Records contained in a dataset:

%%

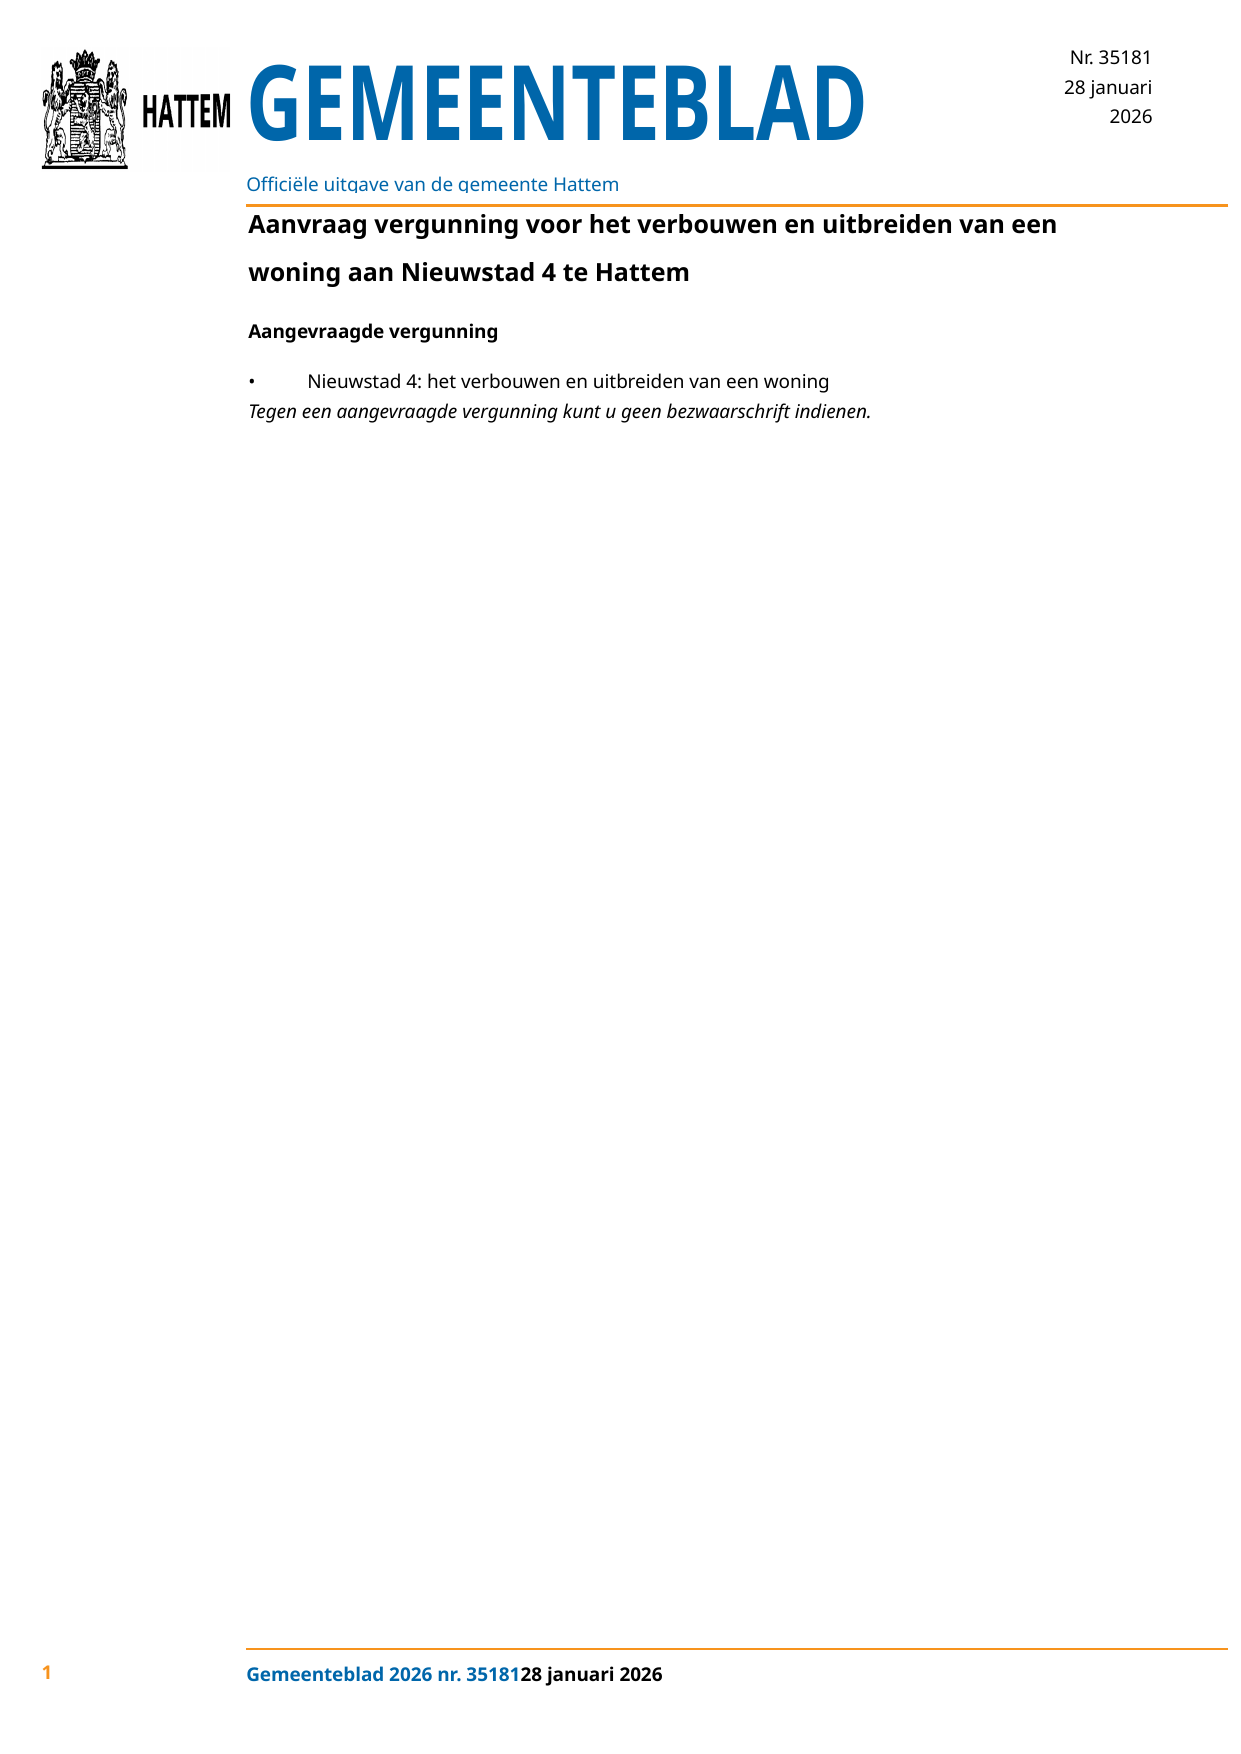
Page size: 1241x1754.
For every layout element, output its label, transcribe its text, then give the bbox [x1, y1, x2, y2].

list Nieuwstad 4: het verbouwen en uitbreiden van een woning [248, 368, 1152, 394]
text Tegen een aangevraagde vergunning kunt u geen bezwaarschrift indienen. [248, 398, 1152, 424]
text Aangevraagde vergunning [248, 318, 1152, 344]
picture [41, 47, 231, 172]
text Aanvraag vergunning voor het verbouwen en uitbreiden van een woning aan Nieuwstad 4 te Hattem [248, 207, 1152, 288]
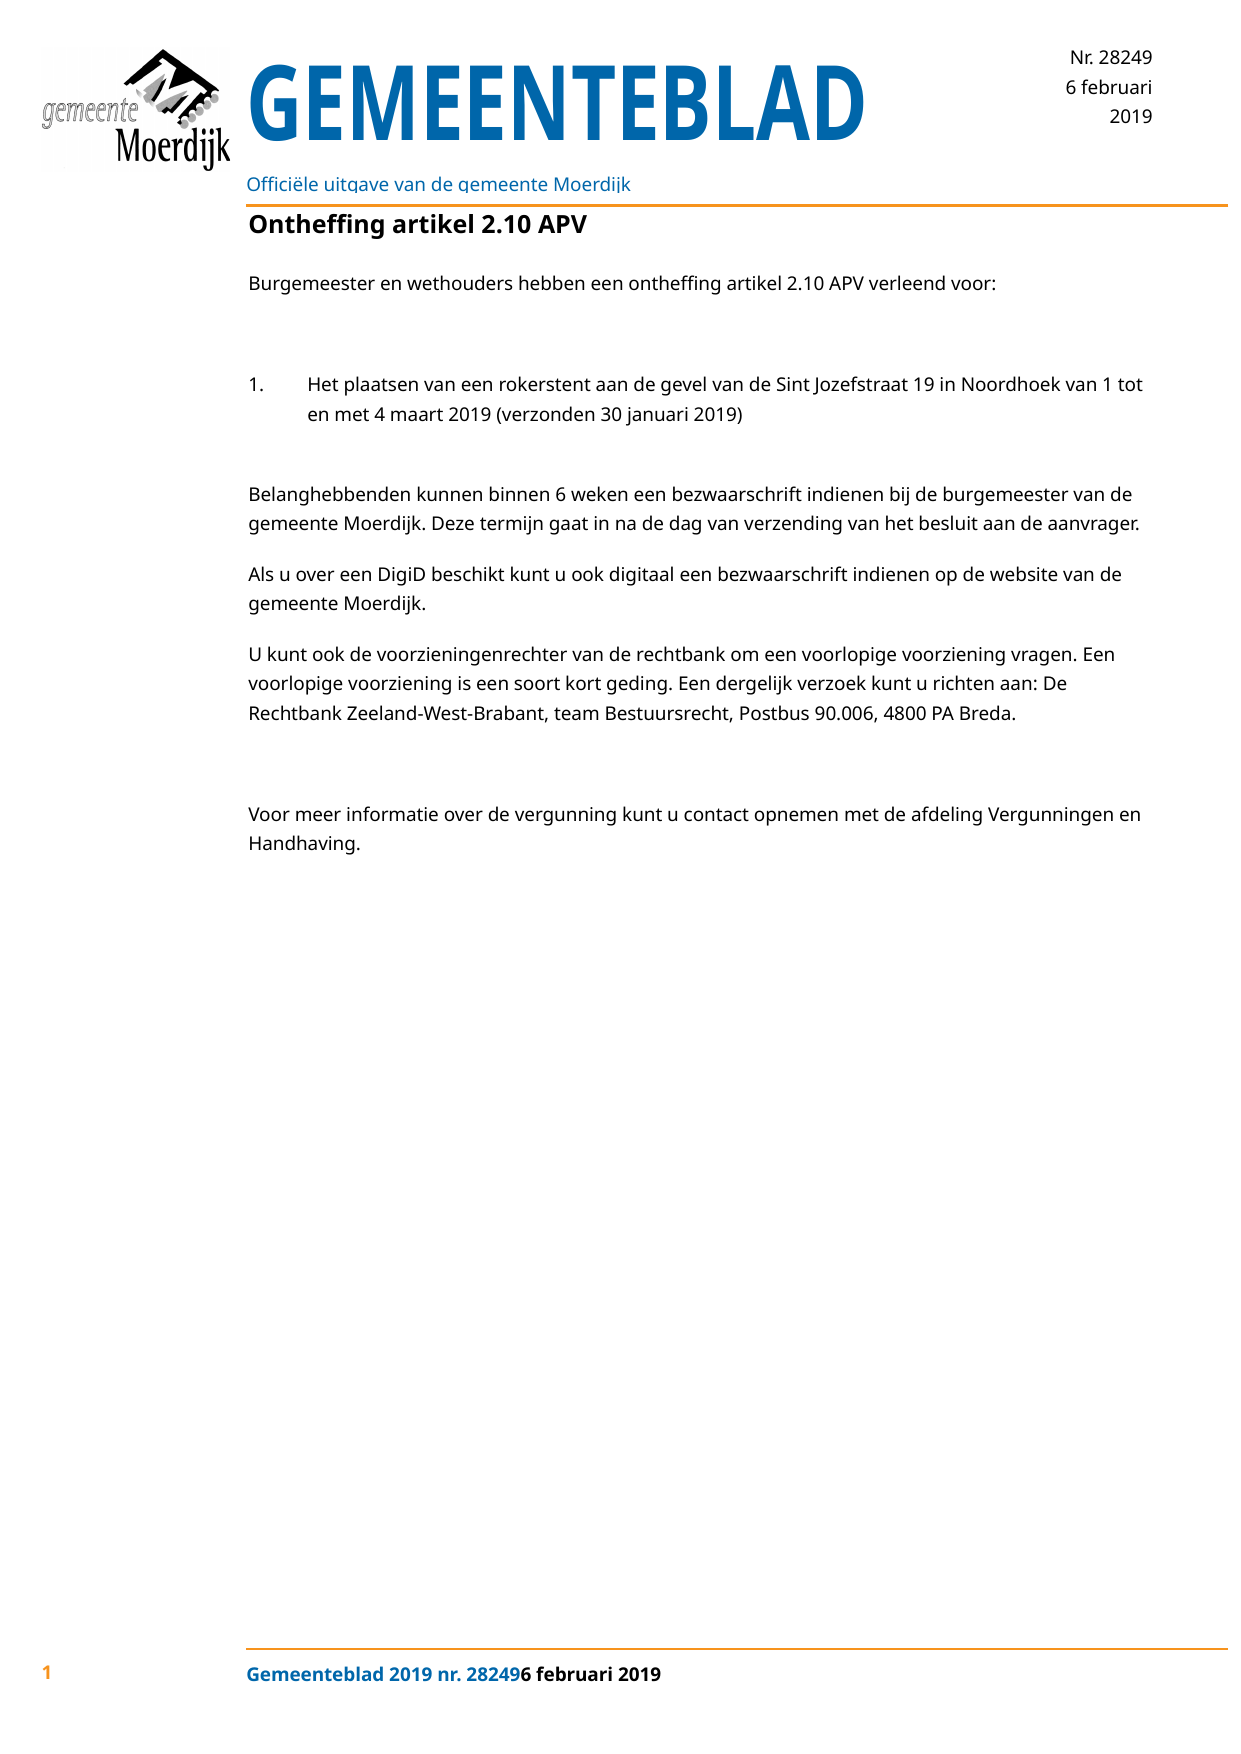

%%

## Exercise brief
Nothing but the records, restated word for word and stripped of images, belongs in the answer.

## Exercise output
Page size: 1241x1754.
For every layout element, output its label, transcribe its text, then give the bbox [x1, y1, x2, y2].

list Nieuwstad 4: het verbouwen en uitbreiden van een woning [248, 368, 1152, 394]
text Tegen een aangevraagde vergunning kunt u geen bezwaarschrift indienen. [248, 398, 1152, 424]
text Aangevraagde vergunning [248, 318, 1152, 344]
picture [41, 47, 231, 172]
text Aanvraag vergunning voor het verbouwen en uitbreiden van een woning aan Nieuwstad 4 te Hattem [248, 207, 1152, 288]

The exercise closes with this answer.